Start of RAW DATA

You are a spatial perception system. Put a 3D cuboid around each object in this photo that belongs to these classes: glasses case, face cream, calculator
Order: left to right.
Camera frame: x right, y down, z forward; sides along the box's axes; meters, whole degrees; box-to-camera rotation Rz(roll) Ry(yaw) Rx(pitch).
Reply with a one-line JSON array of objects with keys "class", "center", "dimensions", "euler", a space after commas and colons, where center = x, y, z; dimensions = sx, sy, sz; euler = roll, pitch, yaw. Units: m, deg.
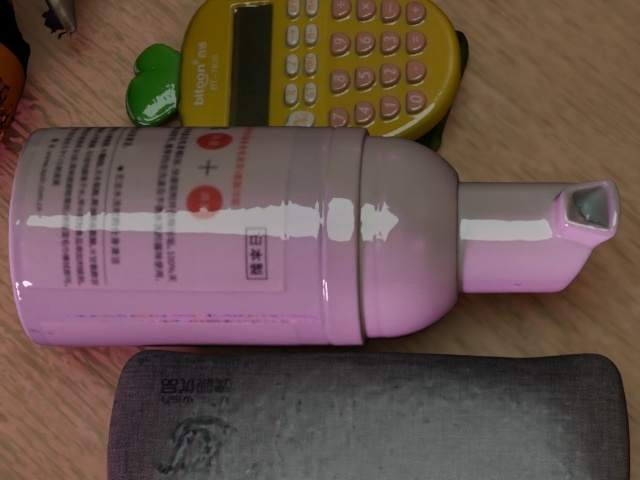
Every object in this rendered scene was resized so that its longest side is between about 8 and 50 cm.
[{"class": "calculator", "center": [-0.020, -0.114, 1.184], "dimensions": [0.235, 0.032, 0.146], "euler": [-4, 67, 12]}, {"class": "face cream", "center": [0.000, 0.000, 1.088], "dimensions": [0.370, 0.145, 0.145], "euler": [2, 70, 7]}, {"class": "glasses case", "center": [0.030, 0.136, 1.071], "dimensions": [0.323, 0.074, 0.131], "euler": [0, 68, 6]}]

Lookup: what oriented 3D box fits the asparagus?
[{"class": "asparagus", "center": [0.078, -0.094, 1.180], "dimensions": [0.025, 0.021, 0.108], "euler": [13, 72, 15]}]

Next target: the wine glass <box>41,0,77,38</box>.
[{"class": "wine glass", "center": [-0.073, -0.266, 1.199], "dimensions": [0.321, 0.143, 0.143], "euler": [-24, 69, -3]}]

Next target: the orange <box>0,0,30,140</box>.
[{"class": "orange", "center": [-0.316, -0.131, 1.160], "dimensions": [0.234, 0.182, 0.234], "euler": [-2, 81, 13]}]
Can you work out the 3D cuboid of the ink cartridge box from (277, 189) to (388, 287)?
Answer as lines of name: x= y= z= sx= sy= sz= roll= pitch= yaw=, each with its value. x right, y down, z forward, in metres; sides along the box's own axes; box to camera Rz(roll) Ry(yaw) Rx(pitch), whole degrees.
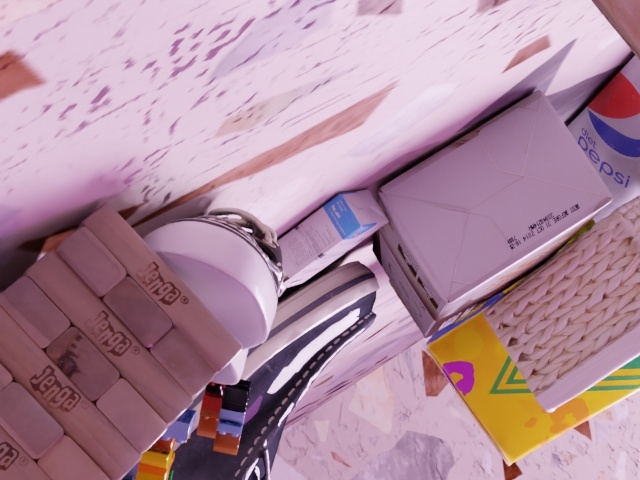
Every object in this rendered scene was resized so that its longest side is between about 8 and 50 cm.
ink cartridge box: x=0.000 y=0.000 z=0.731 sx=0.083 sy=0.028 sz=0.048 roll=-36 pitch=168 yaw=25

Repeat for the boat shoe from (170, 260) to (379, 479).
boat shoe: x=-0.108 y=0.224 z=0.915 sx=0.500 sy=0.156 sz=0.187 roll=-48 pitch=179 yaw=-12

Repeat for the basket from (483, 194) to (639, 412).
basket: x=0.235 y=0.047 z=0.885 sx=0.167 sy=0.103 sz=0.113 roll=-42 pitch=169 yaw=33

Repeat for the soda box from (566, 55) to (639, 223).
soda box: x=0.292 y=-0.111 z=0.875 sx=0.098 sy=0.091 sz=0.286 roll=-30 pitch=170 yaw=-16

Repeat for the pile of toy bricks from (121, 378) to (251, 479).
pile of toy bricks: x=-0.111 y=0.133 z=0.644 sx=0.118 sy=0.105 sz=0.212 roll=12 pitch=-176 yaw=-1

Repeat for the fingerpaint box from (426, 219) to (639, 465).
fingerpaint box: x=0.340 y=0.026 z=1.218 sx=0.371 sy=0.163 sz=0.445 roll=-34 pitch=-178 yaw=17

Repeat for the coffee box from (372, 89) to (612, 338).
coffee box: x=0.123 y=-0.009 z=0.848 sx=0.141 sy=0.098 sz=0.246 roll=-31 pitch=170 yaw=-5

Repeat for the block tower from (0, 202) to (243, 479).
block tower: x=-0.174 y=0.127 z=0.394 sx=0.335 sy=0.091 sz=0.097 roll=-46 pitch=-174 yaw=-36

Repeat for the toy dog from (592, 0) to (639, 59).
toy dog: x=0.242 y=-0.111 z=0.536 sx=0.220 sy=0.161 sz=0.334 roll=-38 pitch=168 yaw=36

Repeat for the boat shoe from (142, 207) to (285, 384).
boat shoe: x=-0.057 y=0.019 z=0.564 sx=0.219 sy=0.078 sz=0.070 roll=117 pitch=-4 yaw=-71
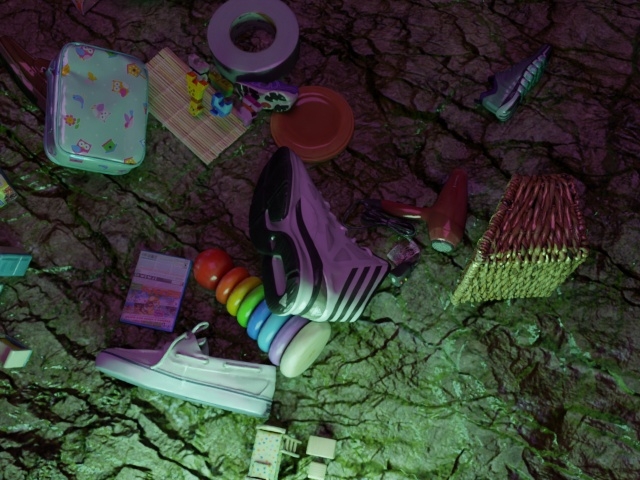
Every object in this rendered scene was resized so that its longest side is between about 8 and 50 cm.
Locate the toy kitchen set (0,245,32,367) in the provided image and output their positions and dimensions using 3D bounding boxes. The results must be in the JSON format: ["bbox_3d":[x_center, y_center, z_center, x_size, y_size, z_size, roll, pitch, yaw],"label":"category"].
[{"bbox_3d":[-0.656,0.140,1.653,0.166,0.122,0.207,27,94,10],"label":"toy kitchen set"}]

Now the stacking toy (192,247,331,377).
[{"bbox_3d":[-0.142,0.136,1.623,0.330,0.141,0.141,36,75,19],"label":"stacking toy"}]

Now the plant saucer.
[{"bbox_3d":[-0.019,-0.277,1.805,0.199,0.037,0.200,0,71,1],"label":"plant saucer"}]

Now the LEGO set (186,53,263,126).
[{"bbox_3d":[-0.252,-0.324,1.789,0.227,0.093,0.087,40,45,19],"label":"LEGO set"}]

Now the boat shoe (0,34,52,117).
[{"bbox_3d":[-0.645,-0.371,1.824,0.104,0.111,0.307,-38,85,-16],"label":"boat shoe"}]

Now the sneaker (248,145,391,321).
[{"bbox_3d":[-0.001,0.001,1.663,0.257,0.169,0.448,18,42,-29],"label":"sneaker"}]

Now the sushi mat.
[{"bbox_3d":[-0.318,-0.324,1.839,0.316,0.019,0.151,42,78,14],"label":"sushi mat"}]

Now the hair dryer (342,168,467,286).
[{"bbox_3d":[0.215,-0.061,1.702,0.293,0.080,0.224,-33,73,-10],"label":"hair dryer"}]

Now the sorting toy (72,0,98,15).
[{"bbox_3d":[-0.592,-0.616,1.942,0.075,0.045,0.083,34,74,32],"label":"sorting toy"}]

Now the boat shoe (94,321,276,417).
[{"bbox_3d":[-0.264,0.241,1.579,0.366,0.136,0.157,13,72,3],"label":"boat shoe"}]

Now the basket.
[{"bbox_3d":[0.377,-0.012,1.563,0.222,0.299,0.214,-4,70,0],"label":"basket"}]

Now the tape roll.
[{"bbox_3d":[-0.158,-0.481,1.862,0.219,0.072,0.219,0,71,1],"label":"tape roll"}]

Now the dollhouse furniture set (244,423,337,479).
[{"bbox_3d":[-0.062,0.466,1.512,0.160,0.101,0.182,9,71,5],"label":"dollhouse furniture set"}]

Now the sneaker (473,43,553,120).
[{"bbox_3d":[0.454,-0.389,1.812,0.098,0.083,0.224,34,75,17],"label":"sneaker"}]

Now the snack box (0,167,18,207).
[{"bbox_3d":[-0.823,-0.119,1.752,0.207,0.070,0.174,-34,74,-11],"label":"snack box"}]

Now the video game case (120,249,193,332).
[{"bbox_3d":[-0.356,0.110,1.690,0.119,0.015,0.166,11,71,5],"label":"video game case"}]

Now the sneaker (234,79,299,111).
[{"bbox_3d":[-0.124,-0.343,1.811,0.169,0.068,0.071,16,47,26],"label":"sneaker"}]

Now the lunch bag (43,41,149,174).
[{"bbox_3d":[-0.504,-0.296,1.734,0.224,0.108,0.279,6,76,-30],"label":"lunch bag"}]
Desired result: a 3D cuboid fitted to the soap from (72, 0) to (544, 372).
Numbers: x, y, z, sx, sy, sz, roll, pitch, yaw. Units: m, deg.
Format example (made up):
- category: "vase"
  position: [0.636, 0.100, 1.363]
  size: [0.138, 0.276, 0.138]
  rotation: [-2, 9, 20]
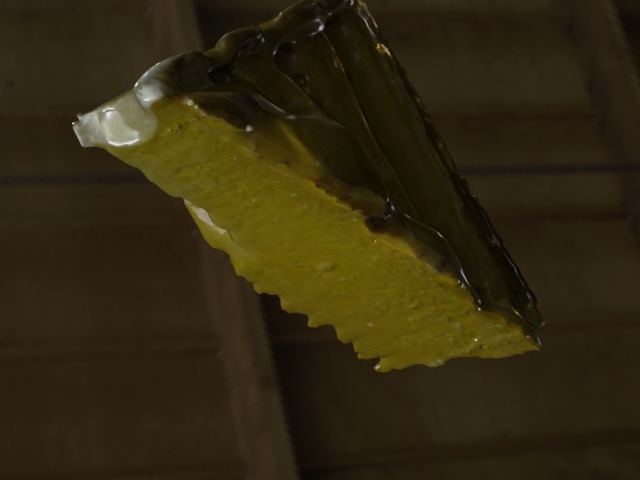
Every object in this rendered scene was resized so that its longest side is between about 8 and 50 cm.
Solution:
- category: "soap"
  position: [0.000, 0.000, 1.367]
  size: [0.339, 0.169, 0.304]
  rotation: [60, -145, -5]
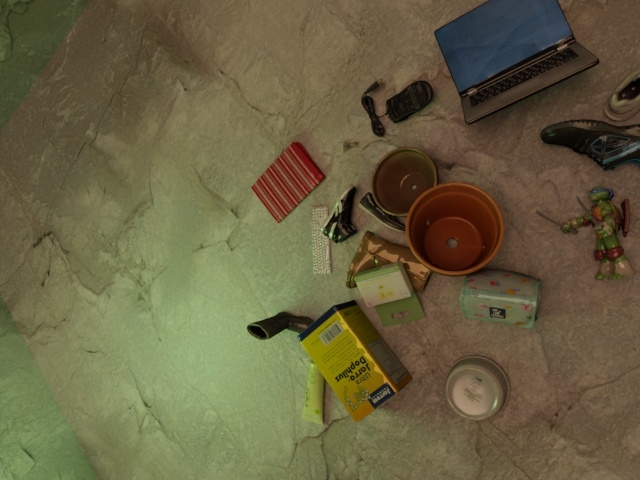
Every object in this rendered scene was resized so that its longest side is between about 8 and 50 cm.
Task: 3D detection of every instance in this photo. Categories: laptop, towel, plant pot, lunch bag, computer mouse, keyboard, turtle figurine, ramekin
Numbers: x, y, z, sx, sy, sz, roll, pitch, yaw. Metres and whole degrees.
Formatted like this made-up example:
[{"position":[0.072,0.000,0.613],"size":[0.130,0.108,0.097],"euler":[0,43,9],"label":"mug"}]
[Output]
[{"position":[0.576,-0.601,1.614],"size":[0.381,0.408,0.236],"euler":[-24,114,23],"label":"laptop"},{"position":[-0.129,-0.229,2.045],"size":[0.275,0.031,0.199],"euler":[-43,75,20],"label":"towel"},{"position":[0.302,-0.192,1.790],"size":[0.237,0.109,0.238],"euler":[-5,80,32],"label":"plant pot"},{"position":[0.553,0.172,1.596],"size":[0.223,0.262,0.160],"euler":[8,93,24],"label":"lunch bag"},{"position":[0.270,-0.504,1.847],"size":[0.262,0.060,0.184],"euler":[-31,81,33],"label":"computer mouse"},{"position":[0.000,0.000,1.991],"size":[0.072,0.014,0.256],"euler":[-4,88,25],"label":"keyboard"},{"position":[0.785,-0.010,1.530],"size":[0.197,0.274,0.267],"euler":[-24,83,58],"label":"turtle figurine"},{"position":[0.503,0.486,1.701],"size":[0.207,0.109,0.207],"euler":[0,89,25],"label":"ramekin"},{"position":[0.423,-0.016,1.663],"size":[0.290,0.203,0.291],"euler":[-3,75,12],"label":"plant pot"}]

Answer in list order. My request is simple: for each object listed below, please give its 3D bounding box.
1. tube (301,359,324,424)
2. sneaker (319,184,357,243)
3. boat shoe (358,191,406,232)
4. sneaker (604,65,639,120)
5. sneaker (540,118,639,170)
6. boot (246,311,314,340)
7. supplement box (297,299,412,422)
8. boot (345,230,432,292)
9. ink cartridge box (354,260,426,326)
[{"position":[-0.021,0.575,1.975],"size":[0.070,0.062,0.240],"euler":[-159,73,-64],"label":"tube"},{"position":[0.101,-0.087,1.917],"size":[0.121,0.079,0.217],"euler":[37,110,15],"label":"sneaker"},{"position":[0.227,-0.100,1.854],"size":[0.206,0.075,0.065],"euler":[37,108,25],"label":"boat shoe"},{"position":[0.953,-0.471,1.488],"size":[0.111,0.129,0.297],"euler":[47,107,20],"label":"sneaker"},{"position":[0.828,-0.281,1.548],"size":[0.340,0.125,0.140],"euler":[10,99,27],"label":"sneaker"},{"position":[-0.144,0.325,1.948],"size":[0.189,0.208,0.076],"euler":[9,94,25],"label":"boot"},{"position":[0.121,0.413,1.832],"size":[0.195,0.194,0.357],"euler":[-43,73,18],"label":"supplement box"},{"position":[0.242,0.114,1.839],"size":[0.269,0.089,0.236],"euler":[26,106,19],"label":"boot"},{"position":[0.241,0.199,1.802],"size":[0.171,0.056,0.235],"euler":[-18,105,27],"label":"ink cartridge box"}]
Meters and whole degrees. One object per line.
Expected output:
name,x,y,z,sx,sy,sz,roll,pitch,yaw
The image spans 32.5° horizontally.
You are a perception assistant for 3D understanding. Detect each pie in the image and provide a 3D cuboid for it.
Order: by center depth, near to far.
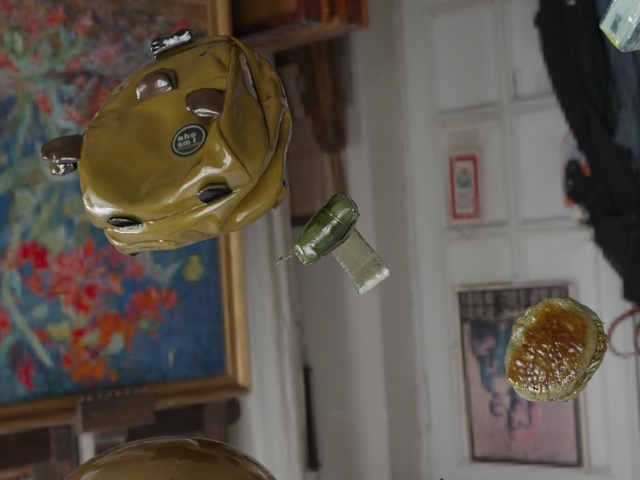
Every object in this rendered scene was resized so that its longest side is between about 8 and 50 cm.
pie,0.399,0.190,1.892,0.163,0.193,0.079,27,180,27

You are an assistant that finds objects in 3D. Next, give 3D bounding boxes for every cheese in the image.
cheese,0.058,0.011,2.356,0.085,0.034,0.400,-36,-155,2

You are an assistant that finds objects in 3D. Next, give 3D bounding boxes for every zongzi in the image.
zongzi,0.000,0.000,1.663,0.062,0.154,0.130,41,180,4

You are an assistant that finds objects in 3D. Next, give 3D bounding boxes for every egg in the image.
egg,-0.201,0.403,1.405,0.374,0.301,0.301,-17,172,27

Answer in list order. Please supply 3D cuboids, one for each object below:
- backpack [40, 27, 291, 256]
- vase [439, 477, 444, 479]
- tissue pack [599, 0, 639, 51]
backpack,-0.215,-0.155,1.655,0.353,0.378,0.201,-18,135,11
vase,0.220,0.435,1.549,0.086,0.214,0.086,-41,178,-2
tissue pack,0.549,-0.370,1.573,0.257,0.081,0.185,-15,151,-26
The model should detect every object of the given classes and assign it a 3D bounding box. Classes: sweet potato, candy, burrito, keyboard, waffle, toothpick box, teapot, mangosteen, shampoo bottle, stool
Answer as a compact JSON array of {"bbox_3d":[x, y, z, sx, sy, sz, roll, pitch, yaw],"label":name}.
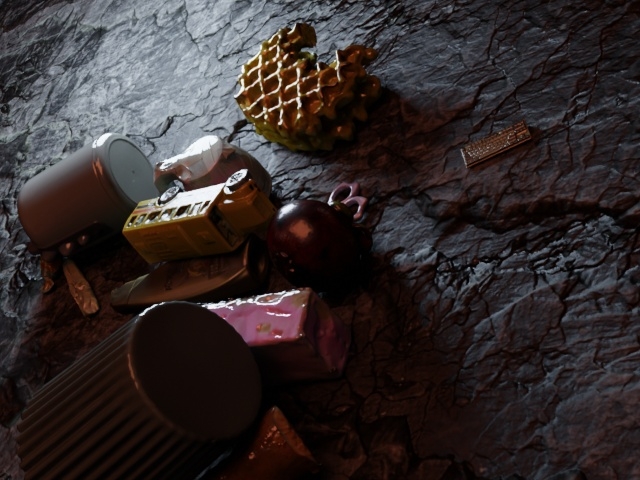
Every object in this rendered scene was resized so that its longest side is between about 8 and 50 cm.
[{"bbox_3d":[-0.145,0.423,1.582,0.336,0.131,0.131,-47,43,8],"label":"sweet potato"},{"bbox_3d":[-0.630,0.040,2.290,0.053,0.046,0.182,-21,49,24],"label":"candy"},{"bbox_3d":[-0.535,0.106,2.174,0.045,0.041,0.185,-37,45,-6],"label":"burrito"},{"bbox_3d":[-0.094,0.177,1.714,0.265,0.155,0.115,-11,47,29],"label":"candy"},{"bbox_3d":[0.320,-0.177,1.791,0.129,0.015,0.049,-24,46,19],"label":"keyboard"},{"bbox_3d":[-0.034,-0.323,2.073,0.261,0.151,0.324,-48,42,-10],"label":"waffle"},{"bbox_3d":[-0.538,-0.077,2.201,0.316,0.229,0.229,-26,46,21],"label":"toothpick box"},{"bbox_3d":[-0.228,-0.134,2.038,0.222,0.178,0.163,10,63,42],"label":"teapot"},{"bbox_3d":[0.000,0.000,1.788,0.200,0.200,0.199,-19,48,23],"label":"mangosteen"},{"bbox_3d":[-0.268,0.081,1.968,0.350,0.084,0.125,-16,44,27],"label":"shampoo bottle"},{"bbox_3d":[-0.285,0.282,1.596,0.330,0.297,0.297,-40,39,35],"label":"stool"}]

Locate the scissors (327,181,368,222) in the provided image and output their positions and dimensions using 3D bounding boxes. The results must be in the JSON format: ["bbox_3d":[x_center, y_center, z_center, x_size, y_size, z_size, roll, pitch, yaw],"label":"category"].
[{"bbox_3d":[-0.003,-0.037,1.913,0.212,0.021,0.110,-33,42,9],"label":"scissors"}]

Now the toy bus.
[{"bbox_3d":[-0.237,-0.037,1.914,0.336,0.121,0.123,-8,38,42],"label":"toy bus"}]

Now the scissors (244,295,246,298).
[{"bbox_3d":[-0.152,0.143,1.890,0.036,0.006,0.083,-13,51,30],"label":"scissors"}]
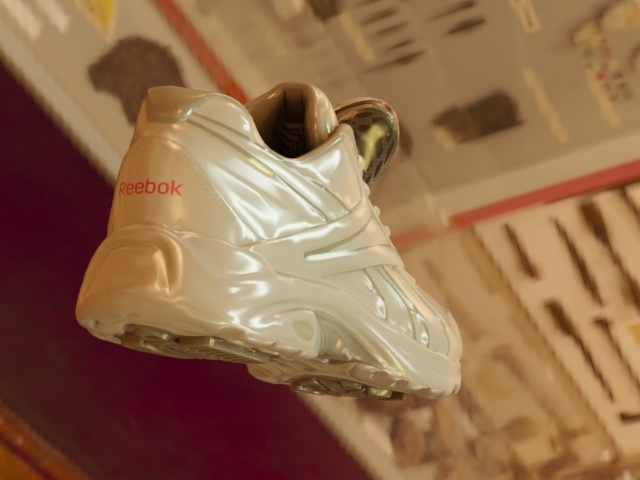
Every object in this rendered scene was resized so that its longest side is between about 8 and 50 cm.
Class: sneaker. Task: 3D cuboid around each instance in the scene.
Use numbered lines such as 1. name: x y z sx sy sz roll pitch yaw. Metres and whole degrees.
1. sneaker: -0.006 -0.027 1.001 0.063 0.170 0.075 56 -15 -24
2. sneaker: 0.000 0.000 0.612 0.232 0.090 0.115 26 69 -62
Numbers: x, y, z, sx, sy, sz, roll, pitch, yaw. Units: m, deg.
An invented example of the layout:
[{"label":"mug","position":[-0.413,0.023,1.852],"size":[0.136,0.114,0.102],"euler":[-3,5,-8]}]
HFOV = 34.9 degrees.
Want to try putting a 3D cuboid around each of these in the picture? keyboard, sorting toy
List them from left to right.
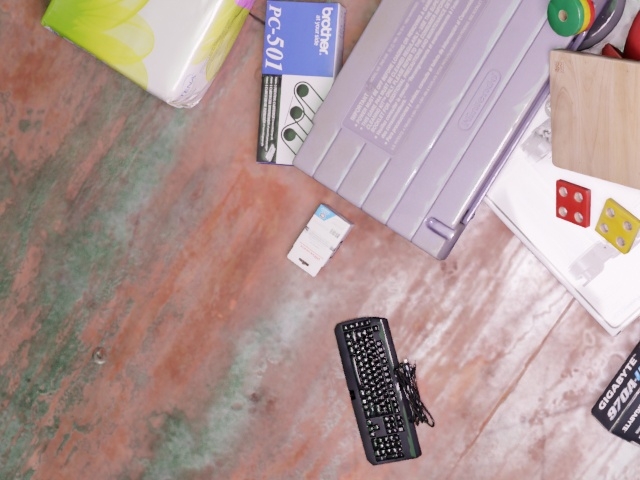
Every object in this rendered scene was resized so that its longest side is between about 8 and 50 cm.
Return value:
[{"label":"keyboard","position":[0.081,0.191,1.304],"size":[0.100,0.038,0.192],"euler":[-15,90,15]},{"label":"sorting toy","position":[0.308,-0.125,1.078],"size":[0.132,0.046,0.274],"euler":[24,128,51]}]

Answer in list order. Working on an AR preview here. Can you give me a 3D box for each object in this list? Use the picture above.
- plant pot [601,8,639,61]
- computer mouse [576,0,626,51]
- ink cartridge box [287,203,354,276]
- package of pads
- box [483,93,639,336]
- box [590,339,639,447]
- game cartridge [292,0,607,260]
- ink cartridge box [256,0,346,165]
[{"label":"plant pot","position":[0.423,-0.200,1.114],"size":[0.191,0.191,0.174],"euler":[45,111,9]},{"label":"computer mouse","position":[0.234,-0.289,1.224],"size":[0.272,0.072,0.188],"euler":[8,97,27]},{"label":"ink cartridge box","position":[0.000,0.000,1.318],"size":[0.048,0.028,0.083],"euler":[36,101,10]},{"label":"package of pads","position":[-0.191,-0.346,1.314],"size":[0.229,0.101,0.296],"euler":[33,102,12]},{"label":"box","position":[0.307,-0.049,1.203],"size":[0.169,0.087,0.290],"euler":[-45,81,13]},{"label":"box","position":[0.439,0.151,1.155],"size":[0.175,0.051,0.220],"euler":[26,102,-21]},{"label":"game cartridge","position":[0.142,-0.185,1.180],"size":[0.230,0.068,0.355],"euler":[35,98,27]},{"label":"ink cartridge box","position":[-0.025,-0.198,1.305],"size":[0.097,0.046,0.207],"euler":[6,94,13]}]

End of RAW DATA

* [TASK DESCRIPTION]: Above are the entries; repeat their lines exactly, from the first through the one that contains "Camera frame: x".

* [SOLVED EXERCISE]:
You are a spatial perception system. Put a 3D cuboid around each object in this photo that belongs to these classes: glasses case, face cream, calculator
Order: left to right.
Camera frame: x right, y down, z forward; sides along the box's axes; meters, whole degrees; box-to-camera rotation Rz(roll) Ry(yaw) Rx(pitch).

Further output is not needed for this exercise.